Obviously, you guys will go faster with even lighter gear. Some would argue that ditching certain safety gear is foolish but some of those guys think the “10 essentials” are still relevant to modern alpinism. Pah! I agree with Jonathan that carrying everything is fair. Of course, “rules” are only relevant if we decide and agree that they are. It’s simply a way to control certain elements of our little game. Conditions and weather…well, that’s a whole other story. Looks like guys had that in spades.

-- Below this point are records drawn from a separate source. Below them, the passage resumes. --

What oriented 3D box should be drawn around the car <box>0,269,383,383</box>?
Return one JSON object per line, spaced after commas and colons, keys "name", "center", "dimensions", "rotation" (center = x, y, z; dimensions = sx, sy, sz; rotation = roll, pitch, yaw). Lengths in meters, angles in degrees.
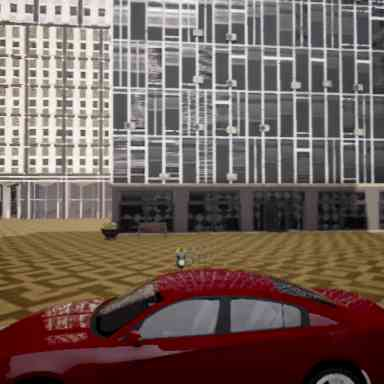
{"name": "car", "center": [0.005, 1.640, 3.910], "dimensions": [4.507, 1.381, 1.887], "rotation": [0, -1, -6]}
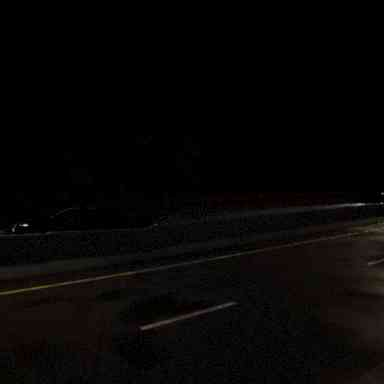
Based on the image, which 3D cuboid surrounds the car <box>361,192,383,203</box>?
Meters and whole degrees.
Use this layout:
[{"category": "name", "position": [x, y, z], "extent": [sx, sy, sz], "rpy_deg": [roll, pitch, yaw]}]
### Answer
[{"category": "car", "position": [23.459, 0.711, 42.169], "extent": [4.718, 1.301, 1.895], "rpy_deg": [-2, 1, -35]}]

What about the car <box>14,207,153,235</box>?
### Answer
[{"category": "car", "position": [-4.167, 1.508, 13.917], "extent": [5.357, 1.411, 2.033], "rpy_deg": [-1, 1, -35]}]

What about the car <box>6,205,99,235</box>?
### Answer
[{"category": "car", "position": [-8.170, 1.561, 19.658], "extent": [4.718, 1.301, 1.895], "rpy_deg": [-1, 1, -35]}]

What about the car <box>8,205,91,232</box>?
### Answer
[{"category": "car", "position": [-6.220, 1.453, 16.749], "extent": [4.902, 1.511, 2.128], "rpy_deg": [-1, 1, -35]}]
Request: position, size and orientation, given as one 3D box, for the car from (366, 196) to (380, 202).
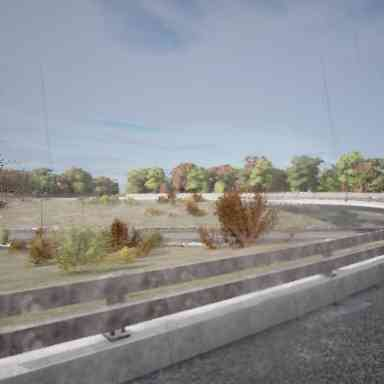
[{"bbox_3d":[44.717,1.839,82.186,1.812,1.442,4.674,0,-1,0],"label":"car"}]
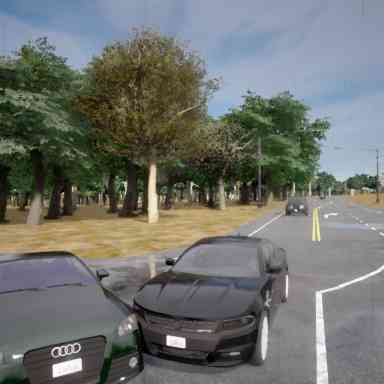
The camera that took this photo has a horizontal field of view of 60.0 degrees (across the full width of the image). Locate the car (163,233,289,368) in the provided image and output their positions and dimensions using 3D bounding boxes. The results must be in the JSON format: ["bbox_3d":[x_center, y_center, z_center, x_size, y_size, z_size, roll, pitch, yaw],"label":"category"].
[{"bbox_3d":[0.706,1.614,6.337,1.882,1.535,5.008,-1,-2,21],"label":"car"}]

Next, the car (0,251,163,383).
[{"bbox_3d":[-2.335,1.644,5.028,1.994,1.385,4.181,2,-2,-33],"label":"car"}]

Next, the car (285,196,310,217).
[{"bbox_3d":[11.038,1.435,34.772,2.150,2.045,5.566,-1,-1,21],"label":"car"}]
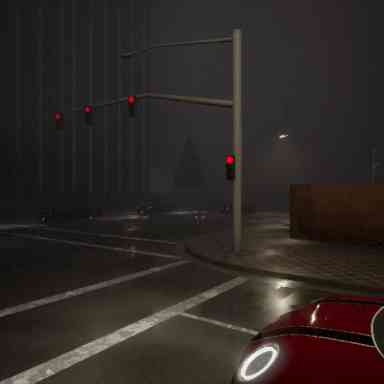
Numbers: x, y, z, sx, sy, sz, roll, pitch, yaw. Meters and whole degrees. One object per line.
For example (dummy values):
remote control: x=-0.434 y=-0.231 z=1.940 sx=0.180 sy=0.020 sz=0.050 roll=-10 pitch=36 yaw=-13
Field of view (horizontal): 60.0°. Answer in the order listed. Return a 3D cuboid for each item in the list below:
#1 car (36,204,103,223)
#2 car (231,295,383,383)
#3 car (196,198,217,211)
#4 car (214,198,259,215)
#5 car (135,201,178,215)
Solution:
car: x=-9.276 y=1.601 z=25.415 sx=1.895 sy=1.301 sz=4.718 roll=0 pitch=0 yaw=35
car: x=2.501 y=1.352 z=2.175 sx=4.553 sy=1.767 sz=2.097 roll=0 pitch=0 yaw=36
car: x=2.344 y=1.491 z=41.784 sx=2.128 sy=1.511 sz=4.902 roll=0 pitch=0 yaw=36
car: x=4.711 y=1.547 z=32.711 sx=2.033 sy=1.411 sz=5.357 roll=0 pitch=0 yaw=35
car: x=-3.498 y=1.601 z=33.572 sx=1.895 sy=1.301 sz=4.718 roll=0 pitch=0 yaw=35
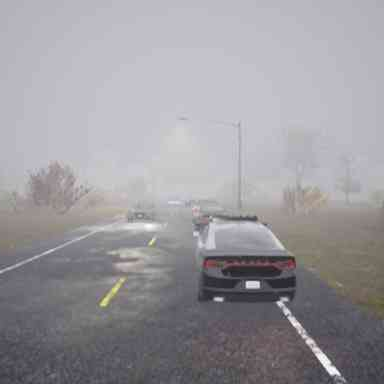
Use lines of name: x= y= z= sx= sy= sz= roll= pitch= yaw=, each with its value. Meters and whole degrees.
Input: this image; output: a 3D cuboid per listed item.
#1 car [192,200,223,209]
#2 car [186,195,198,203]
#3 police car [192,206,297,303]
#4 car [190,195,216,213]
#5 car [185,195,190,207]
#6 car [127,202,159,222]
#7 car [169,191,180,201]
car: x=1.053 y=1.418 z=18.224 sx=1.837 sy=1.490 sz=4.892 roll=0 pitch=0 yaw=0
car: x=0.005 y=1.206 z=58.618 sx=2.033 sy=1.411 sz=5.357 roll=0 pitch=0 yaw=0
police car: x=1.052 y=1.387 z=8.333 sx=1.930 sy=1.638 sz=5.238 roll=0 pitch=0 yaw=0
car: x=1.054 y=1.231 z=24.195 sx=2.097 sy=1.767 sz=4.553 roll=0 pitch=0 yaw=0
car: x=0.039 y=1.351 z=45.474 sx=1.895 sy=1.301 sz=4.718 roll=0 pitch=0 yaw=0
car: x=-3.594 y=1.439 z=24.943 sx=1.994 sy=1.385 sz=4.181 roll=0 pitch=0 yaw=0
car: x=-3.586 y=1.095 z=66.914 sx=2.128 sy=1.511 sz=4.902 roll=0 pitch=0 yaw=0
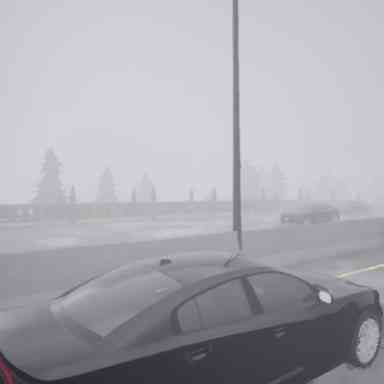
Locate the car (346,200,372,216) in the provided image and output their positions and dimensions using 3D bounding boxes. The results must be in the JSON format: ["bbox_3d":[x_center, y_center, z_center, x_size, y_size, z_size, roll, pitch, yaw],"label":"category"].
[{"bbox_3d":[15.519,1.482,32.264,4.902,1.511,2.128,0,0,-35],"label":"car"}]

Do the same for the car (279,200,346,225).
[{"bbox_3d":[8.068,1.468,22.652,5.008,1.535,1.882,0,0,-35],"label":"car"}]

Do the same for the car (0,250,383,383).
[{"bbox_3d":[0.393,1.477,4.041,5.008,1.535,1.882,0,0,-35],"label":"car"}]
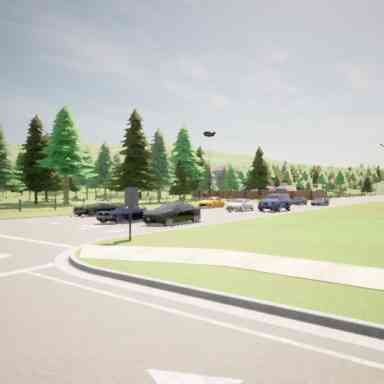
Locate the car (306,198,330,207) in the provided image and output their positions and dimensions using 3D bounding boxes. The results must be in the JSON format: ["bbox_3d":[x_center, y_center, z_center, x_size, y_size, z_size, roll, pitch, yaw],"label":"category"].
[{"bbox_3d":[20.312,1.610,52.456,2.033,1.411,5.357,0,0,36],"label":"car"}]

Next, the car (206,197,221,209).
[{"bbox_3d":[2.897,1.468,46.632,1.882,1.535,5.008,0,0,36],"label":"car"}]

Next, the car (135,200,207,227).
[{"bbox_3d":[-1.295,1.472,23.194,1.882,1.535,5.008,0,0,36],"label":"car"}]

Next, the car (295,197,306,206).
[{"bbox_3d":[17.489,1.533,54.525,1.837,1.490,4.892,0,0,36],"label":"car"}]

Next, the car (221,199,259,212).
[{"bbox_3d":[5.603,1.519,38.478,1.812,1.442,4.674,0,0,36],"label":"car"}]

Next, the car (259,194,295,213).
[{"bbox_3d":[9.458,1.215,37.837,2.150,2.045,5.566,0,0,36],"label":"car"}]

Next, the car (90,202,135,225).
[{"bbox_3d":[-4.727,1.594,24.432,1.895,1.301,4.718,0,0,36],"label":"car"}]

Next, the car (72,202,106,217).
[{"bbox_3d":[-8.633,1.592,30.941,1.895,1.301,4.718,0,0,36],"label":"car"}]
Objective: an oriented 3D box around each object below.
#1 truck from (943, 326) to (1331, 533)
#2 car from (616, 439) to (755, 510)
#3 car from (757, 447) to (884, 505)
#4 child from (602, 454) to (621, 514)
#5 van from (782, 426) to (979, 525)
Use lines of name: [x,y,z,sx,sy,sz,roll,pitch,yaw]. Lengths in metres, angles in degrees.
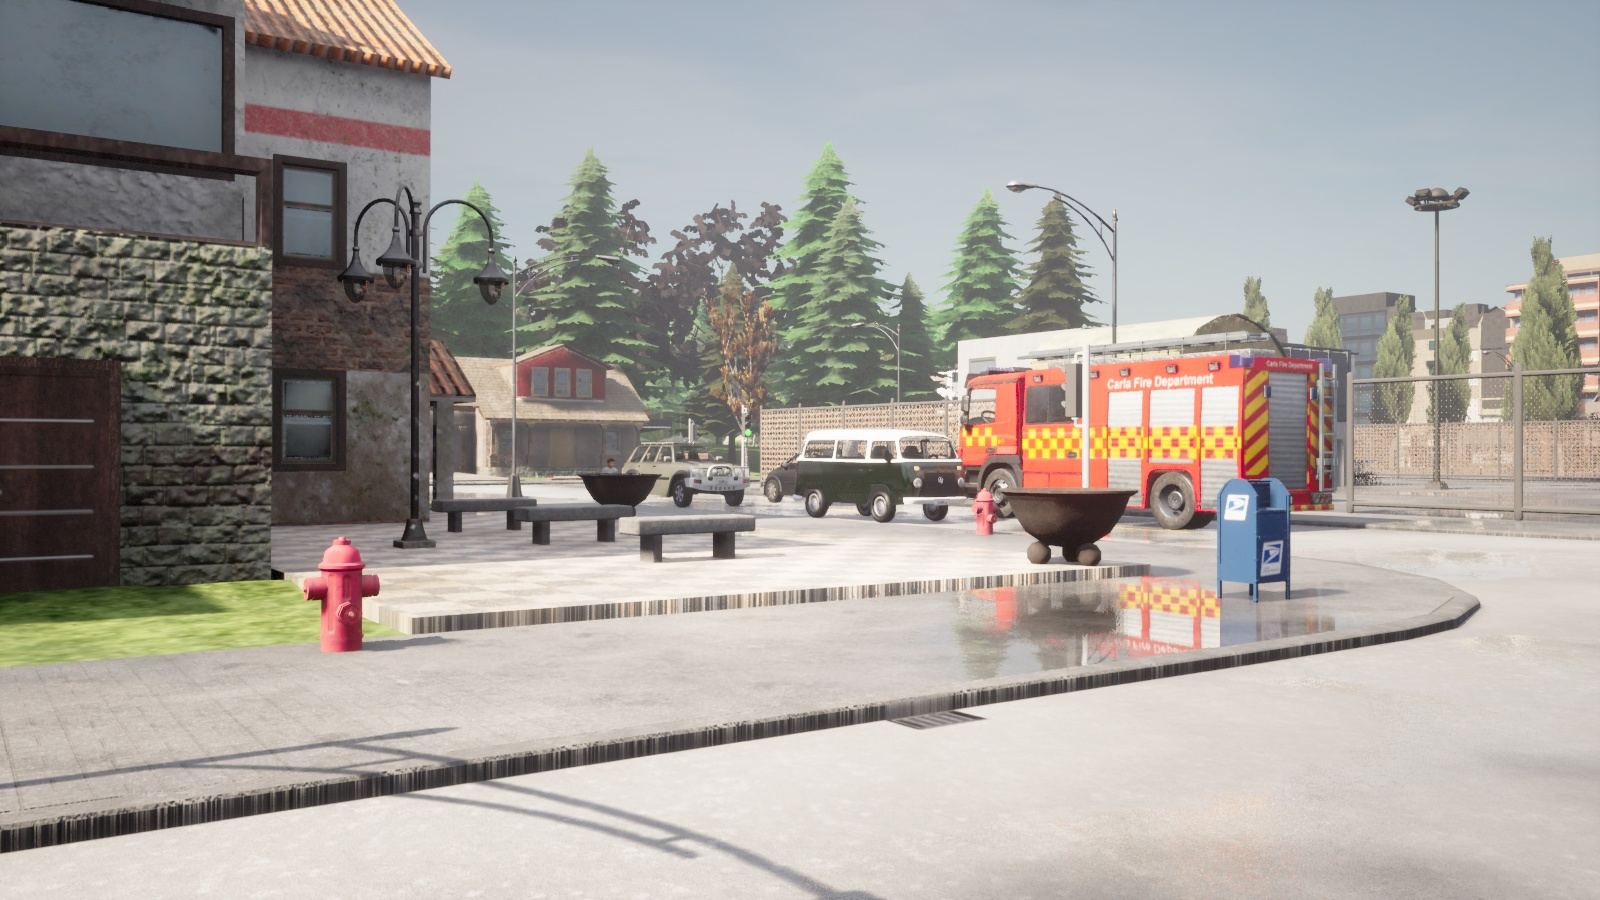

The safety issue is a real one if things go sideways. You can only imagine the finger pointing and general unpleasantness that would ensue if someone playing this game were to require a rescue due to lack of equipment. But these same people understand little of what you are doing and likely never will. That said, it would be a nice luxury on efforts like this to have one or two friends on hand ready to help out if something unfortunate happens. Admittedly, this removes some of the risk involved, which is not necessarily a good thing, but might mitigate some of the more ominous bullshit that would transpire in such an event. We certainly don’t operate in a vacuum.
But whatever…most of the time teams like you are going to rage, slay all expectations and set the bar higher still without incident. The speed community will simply watch and celebrate. Chapeau!